### [WHAT IS EXPECTED]
The task calls for each record to be given again exactly.

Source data

----

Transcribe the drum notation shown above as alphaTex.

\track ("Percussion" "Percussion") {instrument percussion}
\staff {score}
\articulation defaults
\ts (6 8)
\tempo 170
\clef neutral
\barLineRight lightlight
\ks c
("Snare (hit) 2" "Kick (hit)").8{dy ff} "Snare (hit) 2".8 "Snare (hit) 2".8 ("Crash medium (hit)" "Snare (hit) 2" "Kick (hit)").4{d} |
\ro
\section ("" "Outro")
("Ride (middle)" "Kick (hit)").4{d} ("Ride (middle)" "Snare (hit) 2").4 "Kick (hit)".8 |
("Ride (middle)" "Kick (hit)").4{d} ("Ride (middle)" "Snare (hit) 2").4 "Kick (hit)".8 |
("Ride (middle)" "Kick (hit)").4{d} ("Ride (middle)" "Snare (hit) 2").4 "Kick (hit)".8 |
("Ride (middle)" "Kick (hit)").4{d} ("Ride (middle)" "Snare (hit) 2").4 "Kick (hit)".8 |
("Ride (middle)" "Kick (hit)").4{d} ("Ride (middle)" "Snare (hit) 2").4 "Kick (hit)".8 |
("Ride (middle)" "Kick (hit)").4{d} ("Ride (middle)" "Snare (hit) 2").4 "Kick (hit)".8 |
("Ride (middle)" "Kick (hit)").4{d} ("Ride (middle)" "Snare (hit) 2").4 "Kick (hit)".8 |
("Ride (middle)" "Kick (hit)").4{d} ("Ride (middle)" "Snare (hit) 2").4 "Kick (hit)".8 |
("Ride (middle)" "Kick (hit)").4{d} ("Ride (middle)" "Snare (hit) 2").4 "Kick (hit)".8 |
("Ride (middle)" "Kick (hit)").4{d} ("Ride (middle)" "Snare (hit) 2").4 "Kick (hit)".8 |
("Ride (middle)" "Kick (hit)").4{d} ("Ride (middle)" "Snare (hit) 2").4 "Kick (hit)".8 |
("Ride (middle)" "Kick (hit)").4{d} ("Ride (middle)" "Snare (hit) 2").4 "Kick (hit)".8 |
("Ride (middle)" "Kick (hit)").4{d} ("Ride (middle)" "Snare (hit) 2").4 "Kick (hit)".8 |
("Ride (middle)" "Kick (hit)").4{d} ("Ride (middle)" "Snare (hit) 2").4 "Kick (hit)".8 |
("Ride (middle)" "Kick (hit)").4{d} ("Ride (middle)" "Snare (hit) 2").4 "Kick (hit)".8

----

### [WORKED SOLUTION]
Transcribe the drum notation shown above as alphaTex.

\track ("Percussion" "Percussion") {instrument percussion}
\staff {score}
\articulation defaults
\ts (6 8)
\tempo 170
\clef neutral
\barLineRight lightlight
\ks c
("Snare (hit) 2" "Kick (hit)").8{dy ff} "Snare (hit) 2".8 "Snare (hit) 2".8 ("Crash medium (hit)" "Snare (hit) 2" "Kick (hit)").4{d} |
\ro
\section ("" "Outro")
("Ride (middle)" "Kick (hit)").4{d} ("Ride (middle)" "Snare (hit) 2").4 "Kick (hit)".8 |
("Ride (middle)" "Kick (hit)").4{d} ("Ride (middle)" "Snare (hit) 2").4 "Kick (hit)".8 |
("Ride (middle)" "Kick (hit)").4{d} ("Ride (middle)" "Snare (hit) 2").4 "Kick (hit)".8 |
("Ride (middle)" "Kick (hit)").4{d} ("Ride (middle)" "Snare (hit) 2").4 "Kick (hit)".8 |
("Ride (middle)" "Kick (hit)").4{d} ("Ride (middle)" "Snare (hit) 2").4 "Kick (hit)".8 |
("Ride (middle)" "Kick (hit)").4{d} ("Ride (middle)" "Snare (hit) 2").4 "Kick (hit)".8 |
("Ride (middle)" "Kick (hit)").4{d} ("Ride (middle)" "Snare (hit) 2").4 "Kick (hit)".8 |
("Ride (middle)" "Kick (hit)").4{d} ("Ride (middle)" "Snare (hit) 2").4 "Kick (hit)".8 |
("Ride (middle)" "Kick (hit)").4{d} ("Ride (middle)" "Snare (hit) 2").4 "Kick (hit)".8 |
("Ride (middle)" "Kick (hit)").4{d} ("Ride (middle)" "Snare (hit) 2").4 "Kick (hit)".8 |
("Ride (middle)" "Kick (hit)").4{d} ("Ride (middle)" "Snare (hit) 2").4 "Kick (hit)".8 |
("Ride (middle)" "Kick (hit)").4{d} ("Ride (middle)" "Snare (hit) 2").4 "Kick (hit)".8 |
("Ride (middle)" "Kick (hit)").4{d} ("Ride (middle)" "Snare (hit) 2").4 "Kick (hit)".8 |
("Ride (middle)" "Kick (hit)").4{d} ("Ride (middle)" "Snare (hit) 2").4 "Kick (hit)".8 |
("Ride (middle)" "Kick (hit)").4{d} ("Ride (middle)" "Snare (hit) 2").4 "Kick (hit)".8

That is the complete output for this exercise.